As discussed above, comprehensive understanding of the targeting spectrum of various drugs is critical for drug mechanism studies and the developments of multi-drug treatment, the so-called polypharmacology [19]. Even in the case that the molecular mechanisms for a drug/compound are well studied, unexpected side effects or toxicity of are often observed [19–21]. Therefore, it is of great value and importance to construct comprehensive drug-target network using diverse sources of information.
Current approaches for computational drug target identification can be roughly categorized into three groups: ligand-based, target-based, and phenotype-based [19]. Ligand-based approaches assume that similarity in chemical structures between drugs indicates similar targeting activities. A well known example in this category is the QSAR method (Quantitative Structure Activity Relationship), which uses 2D topological feature vectors (to encode atom types and their bonding structure) of drugs to train machine learning models in order to predict their binding activity towards specific target proteins [19, 22]. However, decent performance of ligand-based approach requires a large enough number of known ligands for target proteins of interest, which may be difficult to meet in practice [20].

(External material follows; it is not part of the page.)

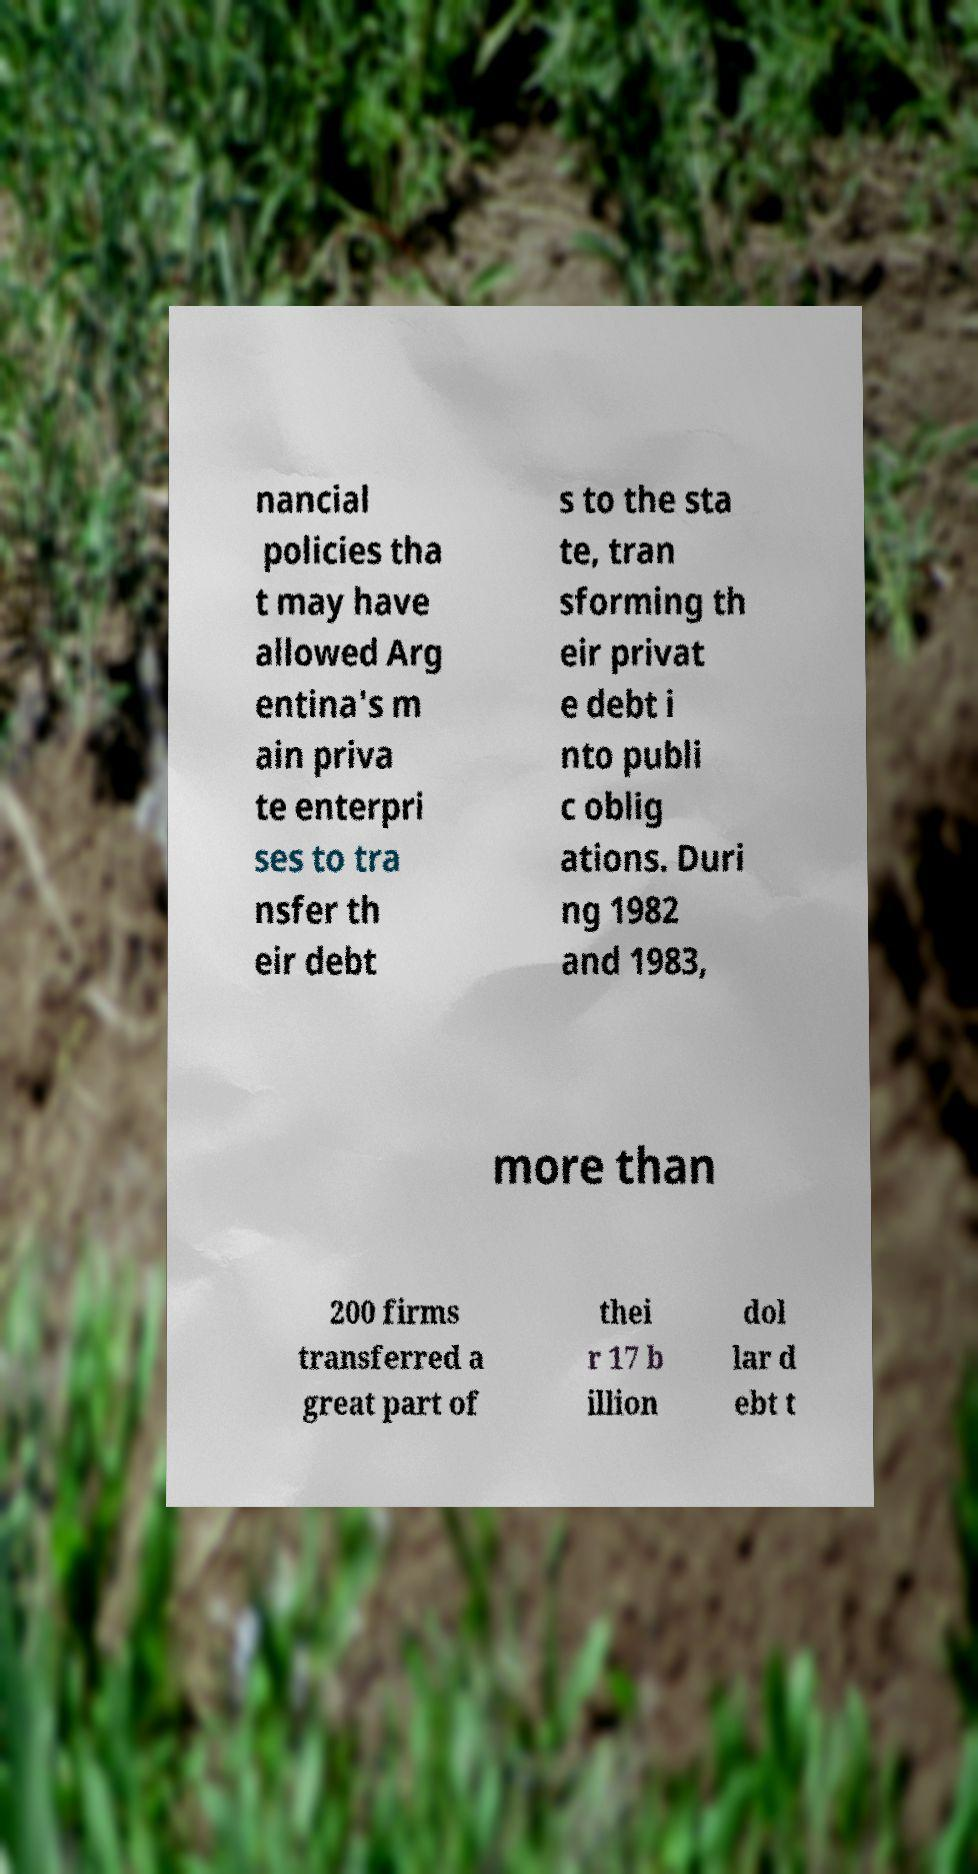Could you assist in decoding the text presented in this image and type it out clearly? nancial policies tha t may have allowed Arg entina's m ain priva te enterpri ses to tra nsfer th eir debt s to the sta te, tran sforming th eir privat e debt i nto publi c oblig ations. Duri ng 1982 and 1983, more than 200 firms transferred a great part of thei r 17 b illion dol lar d ebt t

A second category of methods looks at the similarity between target proteins to predict drug-target interactions, based on proteins' structure, sequence, evolutionary, as well as functional information [23]. Several recent studies integrate sequence features of targets with ligand fingerprints to train machine learning models for drug-target interaction prediction [24–27]. One well known method in this category is docking analysis, which predicts the preferred orientation of drug candidates to potential target proteins when they are bound to each other to form a stable complex [28]. However, docking analysis cannot be applied to proteins whose 3D structures are unknown. It is of limited utility on a genome-wide scale [29].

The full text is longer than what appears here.